Opinion
3:13-CR-000231-01
06-16-2021
KAYLA D. MCCLUSKY MAG. JUDGE
MEMORANDUM ORDER
TERRY A. DOUGHTY UNITED STATES DISTRORUDGE
Pending before the Court is Jason W. Harper's (“Harper”) Second Motion for Compassionate Release/Second Motion for Reduction of Sentence (“Motion”) [Doc. No. 62] filed on May 5, 2021. To the Motion, the Government filed a Response [Doc. No. 66] on June 4, 2021. For the reasons set forth herein, Harper's Motion is DENIED.
I. BACKGROUND
Harper was charged in an eleven-count indictment for various drug distribution and firearm possession offenses [Doc. No. 1]. On November 19, 2013, Harper plead guilty to Counts 1 and 9 (Conspiracy to Possess with Intent to Distribute Methamphetamine and Possession of a Firearm in Furtherance of a Drug Trafficking Offense). On April 7, 2014, Harper was sentenced to the Bureau of Prisons (“BOP”) to 120 months on Count 1, and 60 months on Count 9, to run consecutively [Doc. Nos. 27 and 30]. The 180-month sentence was due to the mandatory minimums required by his offenses of conviction.
Harper previously filed a Motion for Compassionate Release/Motion to Reduce Sentence [Doc. No. 46], which was dismissed without prejudice [Doc. No. 57] on September 23, 2020. A Motion for Reconsideration [Doc. No. 59] was denied [Doc. No. 60] on October 6, 2020.
In his present Motion, Harper asks that his previous Motion [Doc. No. 46] be added to the present Motion [Doc. No. 62]. In his previous Motion [Doc. No.46], Harper, based upon COVID-19, asked for compassionate release, a reduction in sentence, and/or home confinement. He did not set forth any underlying condition that made him more susceptible to COVID-19.Basically, He set forth a generalized fear of contracting COVID-19.

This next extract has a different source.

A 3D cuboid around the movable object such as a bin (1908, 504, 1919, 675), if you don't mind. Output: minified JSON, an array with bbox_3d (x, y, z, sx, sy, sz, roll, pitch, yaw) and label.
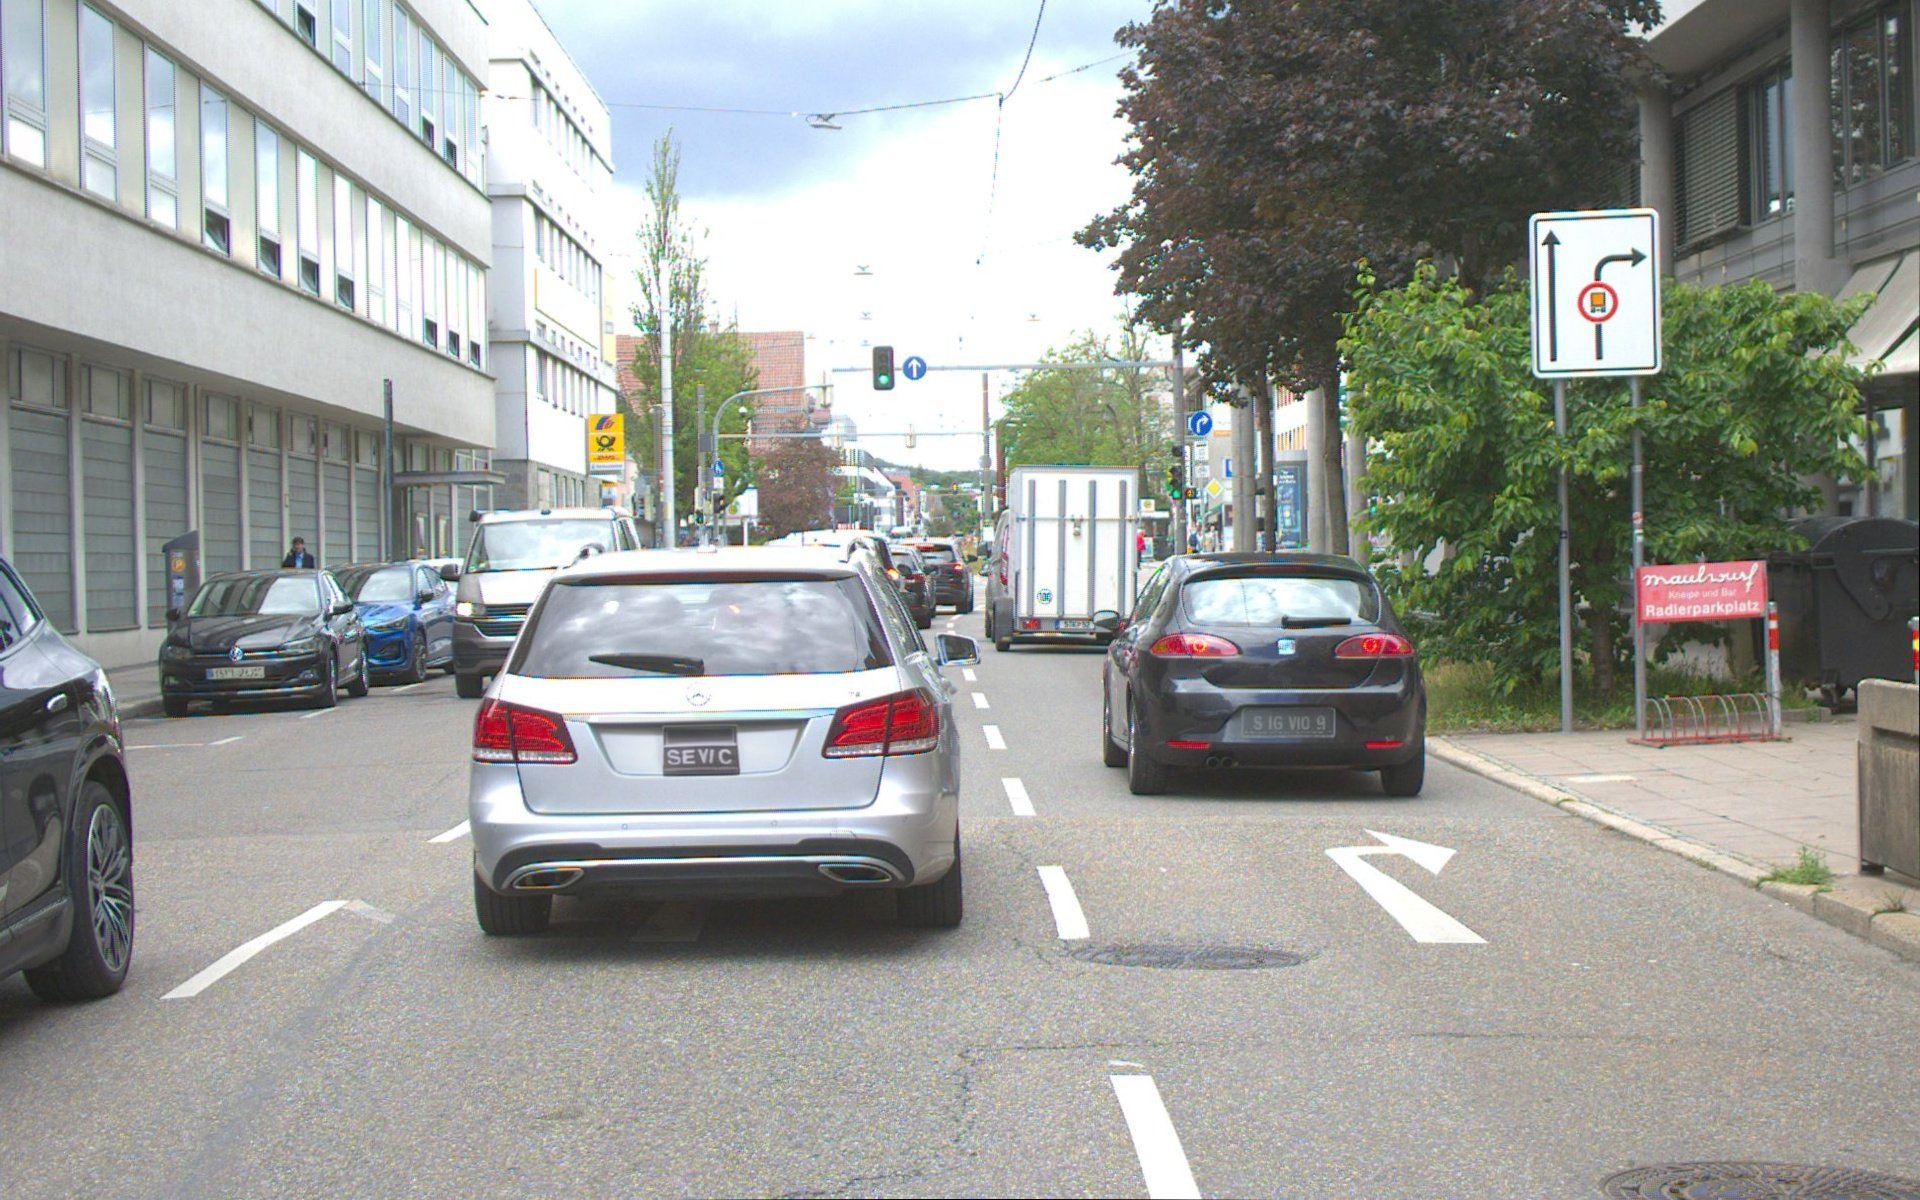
[{"bbox_3d":[8.813,-0.110,29.959,0.821,1.499,0.732,-3,0,1],"label":"movable object such as a bin"}]

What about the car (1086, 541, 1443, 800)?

The Court will consider the arguments Harper made in his previous motion, as part of his present motion.
Or whether he had received a COVID-19 vaccine.
In the present Motion [Doc. No. 62], Harper indicated he wanted to introduce “new evidence” that was unavailable at the time he filed the previous motions. The “new evidence” was an NBC article which stated that despite Atty. General William Barr urging the BOP to release vulnerable prisoners, data compiled by the Marshall Project showed federal prison wardens denied or ignored more than 98% of compassionate release requests.

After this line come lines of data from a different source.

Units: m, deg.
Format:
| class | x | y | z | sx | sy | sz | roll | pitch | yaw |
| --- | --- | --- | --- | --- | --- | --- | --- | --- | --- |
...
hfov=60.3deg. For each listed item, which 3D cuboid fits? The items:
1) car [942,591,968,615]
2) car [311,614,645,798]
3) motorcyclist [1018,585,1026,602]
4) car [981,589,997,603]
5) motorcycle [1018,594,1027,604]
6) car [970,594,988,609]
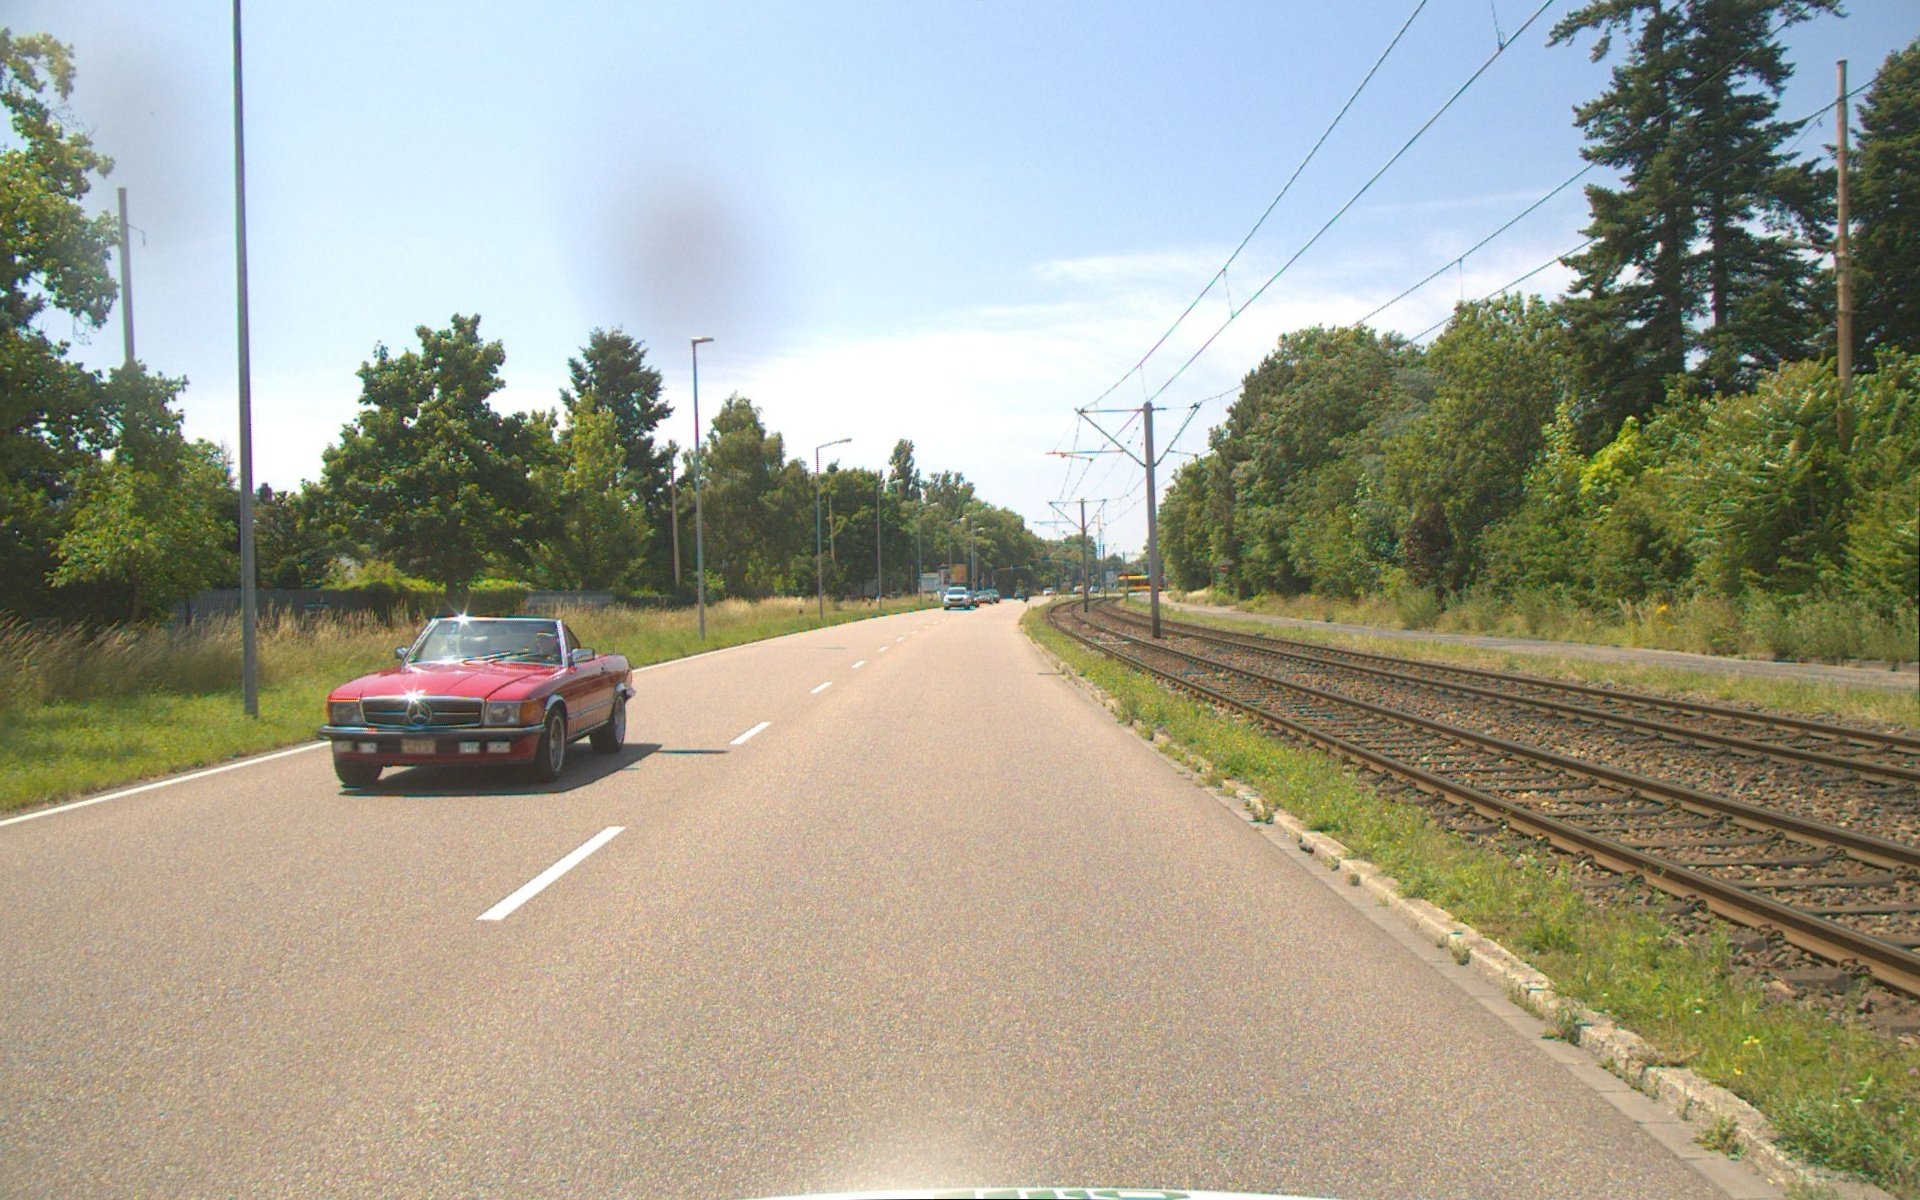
| class | x | y | z | sx | sy | sz | roll | pitch | yaw |
| --- | --- | --- | --- | --- | --- | --- | --- | --- | --- |
| car | -0.383 | 0.223 | 131.066 | 1.895 | 1.827 | 4.712 | -1 | 0 | 2 |
| car | -3.994 | 0.803 | 14.440 | 1.713 | 1.324 | 4.252 | -1 | 0 | -1 |
| motorcyclist | 7.193 | -0.739 | 191.663 | 0.873 | 1.938 | 1.016 | -1 | 0 | 3 |
| car | 3.308 | -0.418 | 190.211 | 1.780 | 1.565 | 4.364 | -1 | 0 | 2 |
| motorcycle | 7.215 | -0.094 | 191.662 | 0.950 | 1.137 | 2.734 | -1 | 0 | 3 |
| car | 2.003 | 0.150 | 175.097 | 1.780 | 1.519 | 4.364 | -1 | 0 | 2 |

In addition to Harper's request based upon a generalized fear of contracting COVID-19, he also indicated that his mother, Patricia Harper, was in a vehicle collision on October 13, 2020, and she sustained numerous injuries. Harper stated his mother is now at a long-term care facility without any family to help her. He asks to be allowed to go home and assist her.
Although he admitted to using methamphetamines on August 10, 2020, Harper blamed this incident on loose restrictions due to COVID-19. He also indicated all seven (7) drug tests since that time were negative.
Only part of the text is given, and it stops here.